Chu Kevin, Collins Leslie, Mainsah Boyla
Department of Electrical and Computer Engineering, Duke University, Durham, NC, USA.
Proc IEEE Int Conf Acoust Speech Signal Process. 2020 May;2020:6929-6933. doi: 10.1109/icassp40776.2020.9054450. Epub 2020 May 14.

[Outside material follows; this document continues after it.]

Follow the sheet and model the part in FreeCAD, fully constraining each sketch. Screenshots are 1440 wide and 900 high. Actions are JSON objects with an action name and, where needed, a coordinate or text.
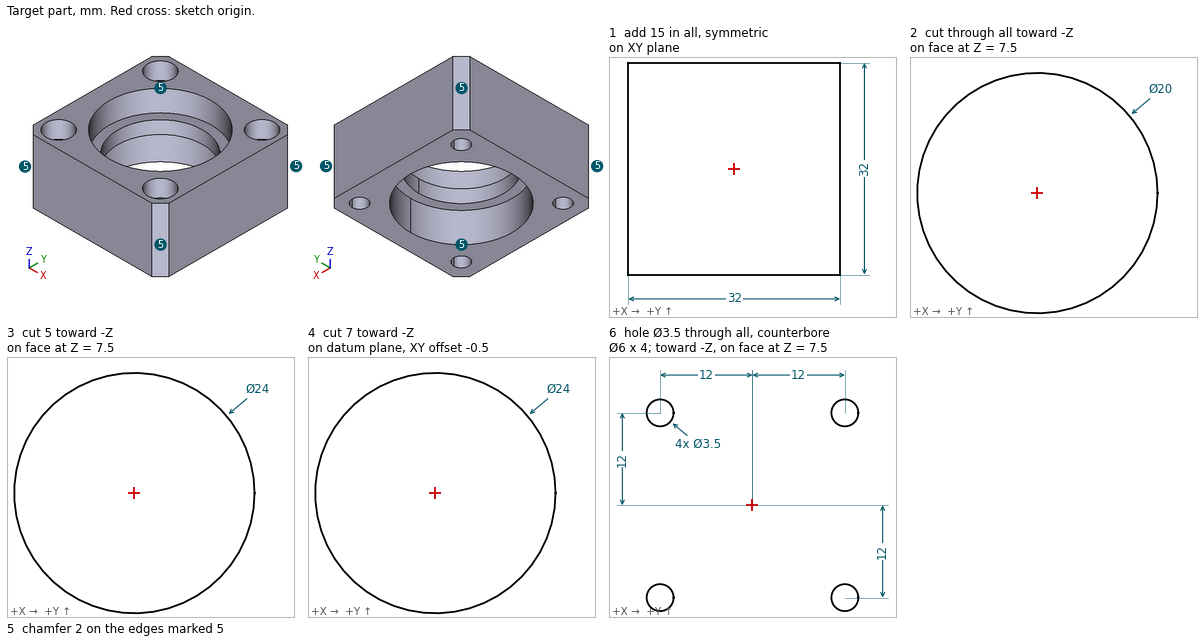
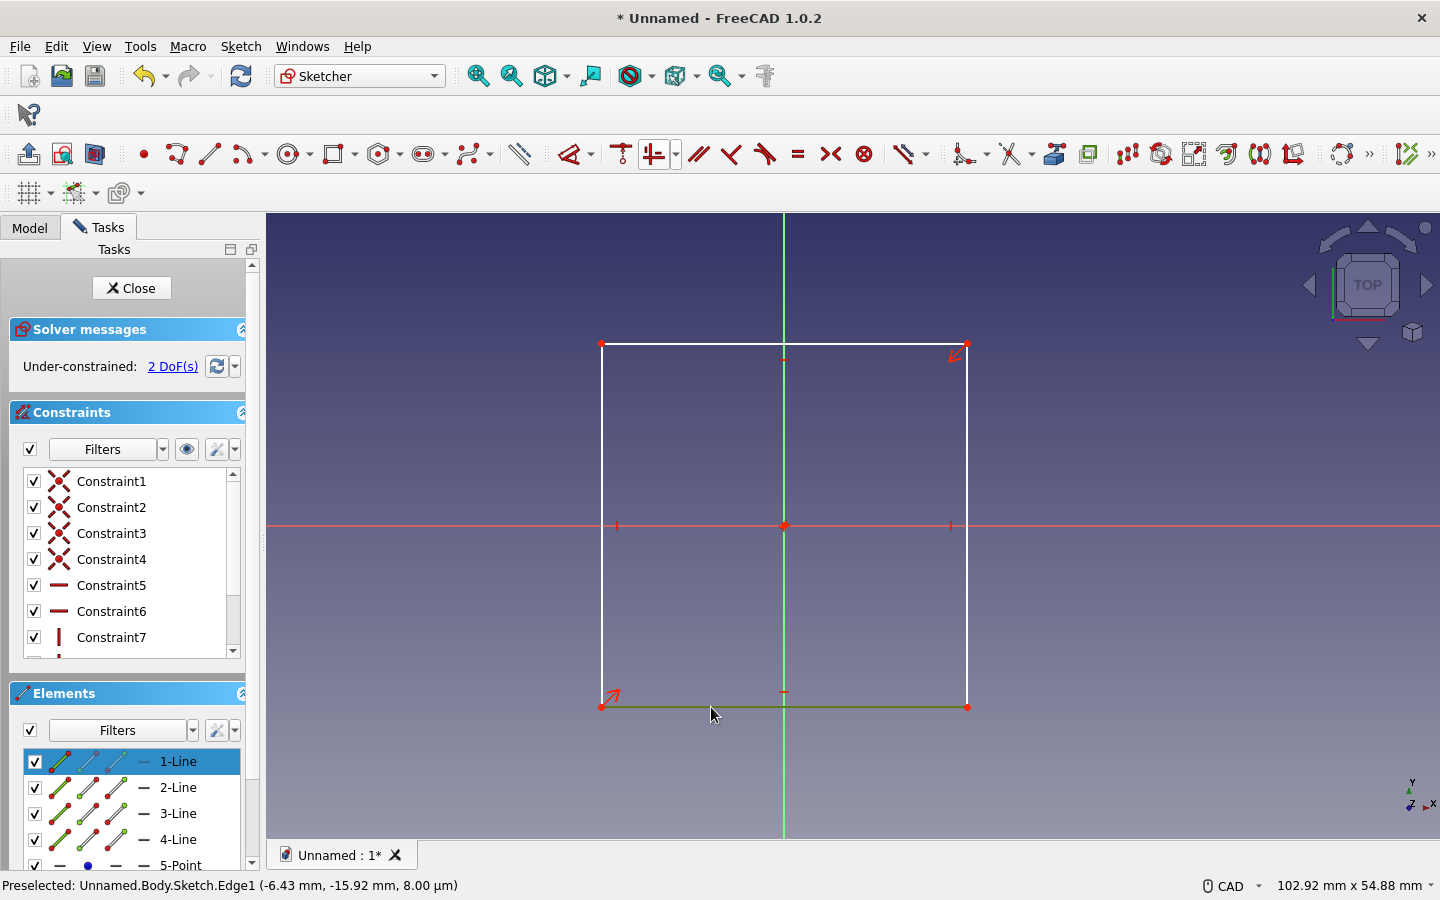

Cochlear implant (CI) users experience substantial difficulties in understanding reverberant speech. A previous study proposed a strategy that leverages automatic speech recognition (ASR) to recognize reverberant speech and speech synthesis to translate the recognized text into anechoic speech. However, the strategy was trained and tested on the same reverberant environment, so it is unknown whether the strategy is robust to unseen environments. Thus, the current study investigated the performance of the previously proposed algorithm in multiple unseen environments. First, an ASR system was trained on anechoic and reverberant speech using different room types. Next, a speech synthesizer was trained to generate speech from the text predicted by the ASR system. Experiments were conducted in normal hearing listeners using vocoded speech, and the results showed that the strategy improved speech intelligibility in previously unseen conditions. These results suggest that the ASR-synthesis strategy can potentially benefit CI users in everyday reverberant environments.
人工耳蜗(CI)使用者在理解混响语音方面存在很大困难。先前的一项研究提出了一种策略,该策略利用自动语音识别(ASR)来识别混响语音,并利用语音合成将识别出的文本转换为无回声语音。然而,该策略是在相同的混响环境中进行训练和测试的,因此尚不清楚该策略对未见过的环境是否具有鲁棒性。因此,当前的研究调查了先前提出的算法在多个未见过的环境中的性能。首先,使用不同的房间类型在无回声和混响语音上训练一个ASR系统。接下来,训练一个语音合成器,根据ASR系统预测的文本生成语音。使用声码语音在正常听力的听众中进行了实验,结果表明该策略在以前未见过的条件下提高了语音清晰度。这些结果表明,ASR合成策略可能会使人工耳蜗使用者在日常混响环境中受益。